Output only the stretch of the listing that starts at the line containing "Numbers: x, y, z, sx, sy, sz, roll, pitch, yaw." and ends at the line containing "desk lamp: (0.181, 0.235, 1.060);", reproduced exactly with both ends.

----------

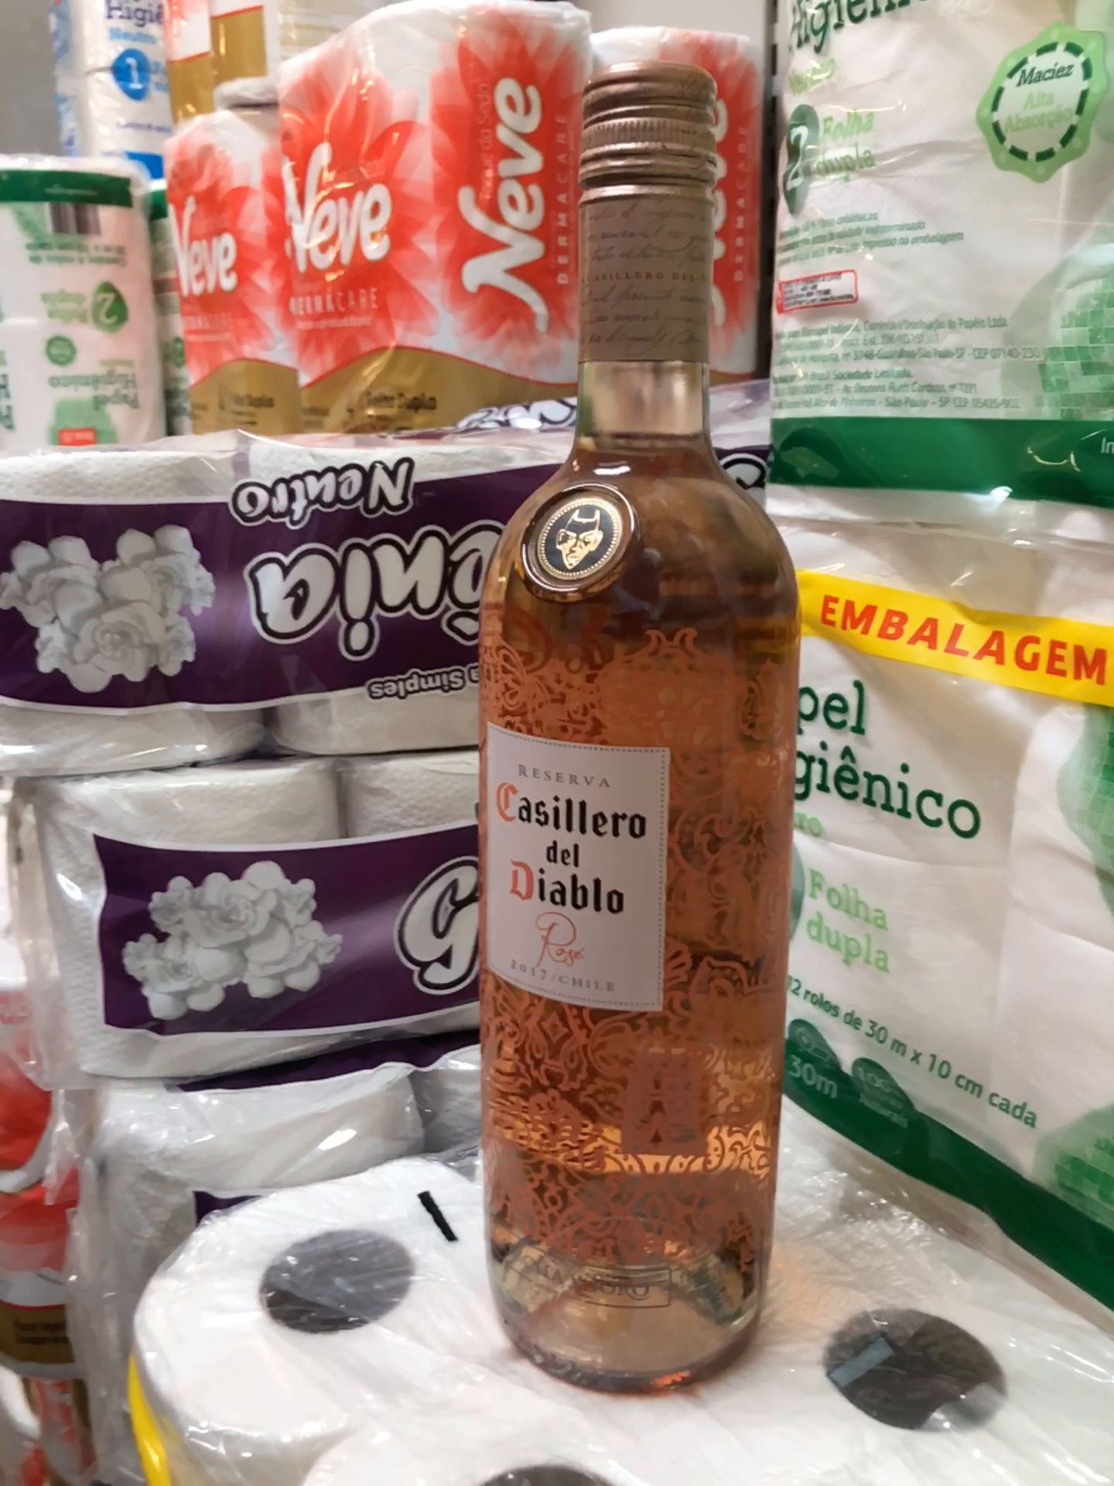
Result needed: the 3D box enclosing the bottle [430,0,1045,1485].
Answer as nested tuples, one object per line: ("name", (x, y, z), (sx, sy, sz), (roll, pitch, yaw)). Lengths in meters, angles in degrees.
("bottle", (0.040, 0.015, 0.274), (0.090, 0.309, 0.080), (8, 16, 37))
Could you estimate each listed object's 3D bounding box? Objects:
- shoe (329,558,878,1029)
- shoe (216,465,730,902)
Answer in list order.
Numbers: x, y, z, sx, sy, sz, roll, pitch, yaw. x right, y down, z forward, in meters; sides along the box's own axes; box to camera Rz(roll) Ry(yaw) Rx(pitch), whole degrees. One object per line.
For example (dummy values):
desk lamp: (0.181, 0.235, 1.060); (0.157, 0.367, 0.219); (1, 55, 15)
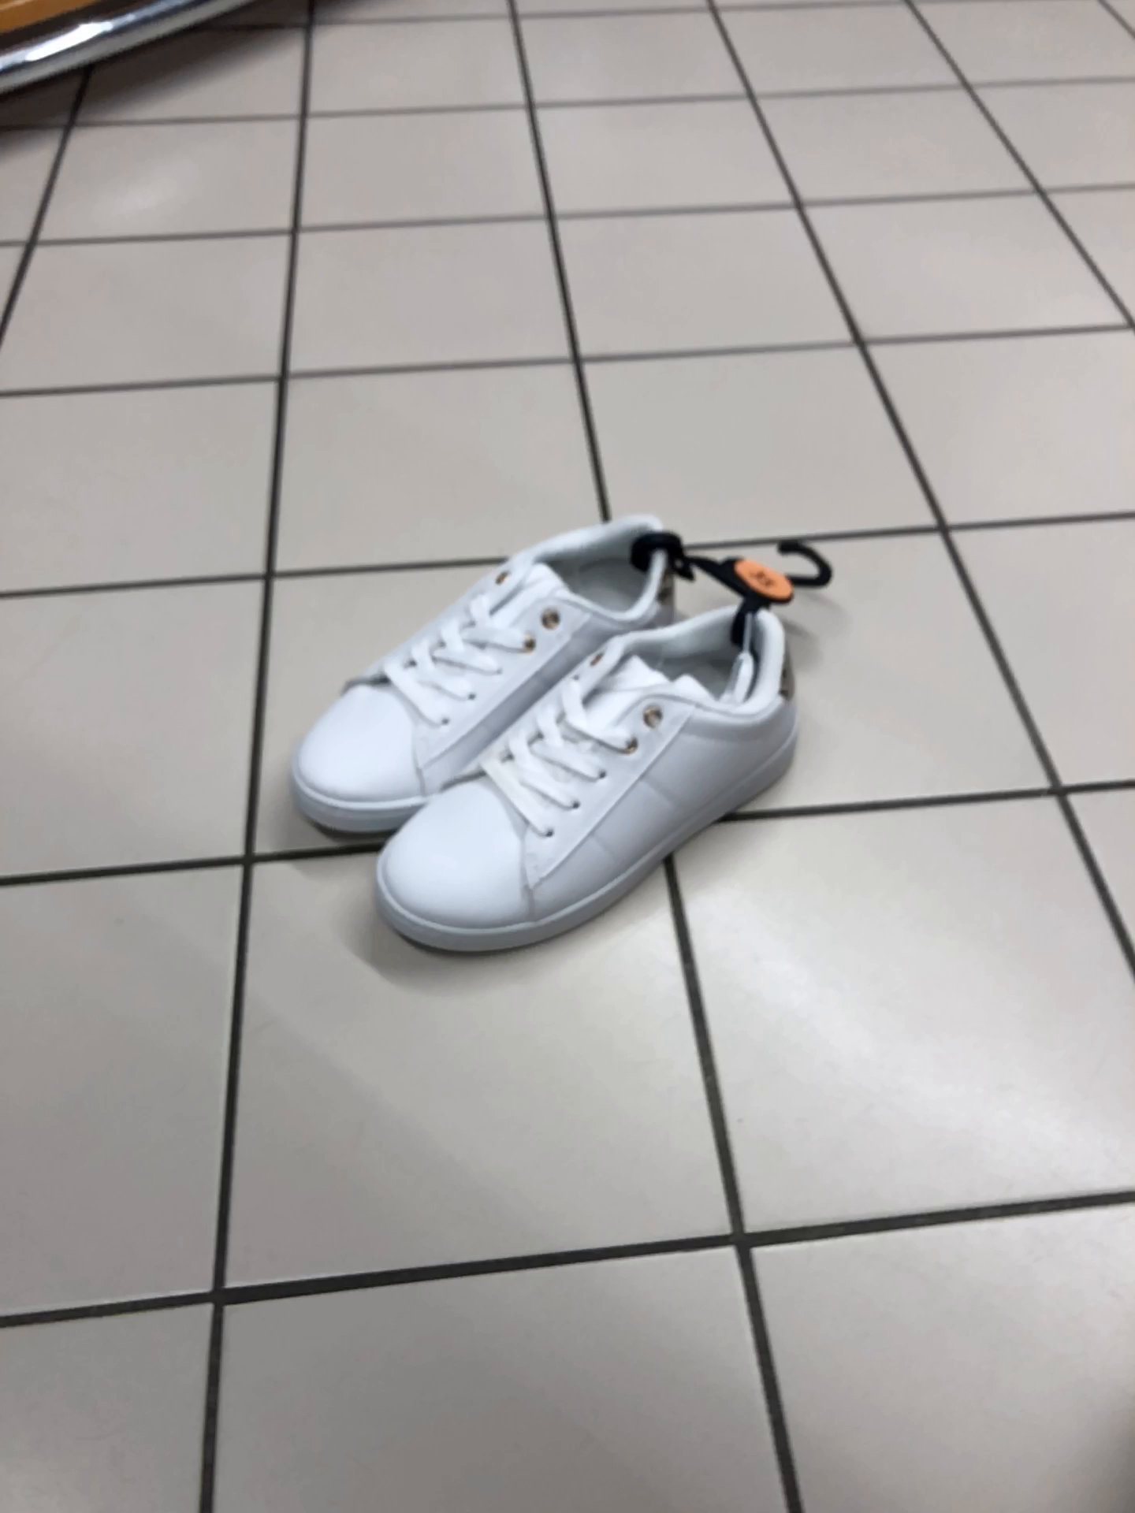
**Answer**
shoe: (0.021, 0.010, 0.590); (0.241, 0.080, 0.090); (-30, 57, -23)
shoe: (-0.039, -0.044, 0.632); (0.241, 0.080, 0.090); (-34, 58, -25)

----------

* Answer box:
Numbers: x, y, z, sx, sy, sz, roll, pitch, yaw. x right, y down, z forward, in meters; sides along the box's own axes; box to camera Rz(roll) Ry(yaw) Rx(pitch), whole degrees. One object per line.
For example (dummy values):
desk lamp: (0.181, 0.235, 1.060); (0.157, 0.367, 0.219); (1, 55, 15)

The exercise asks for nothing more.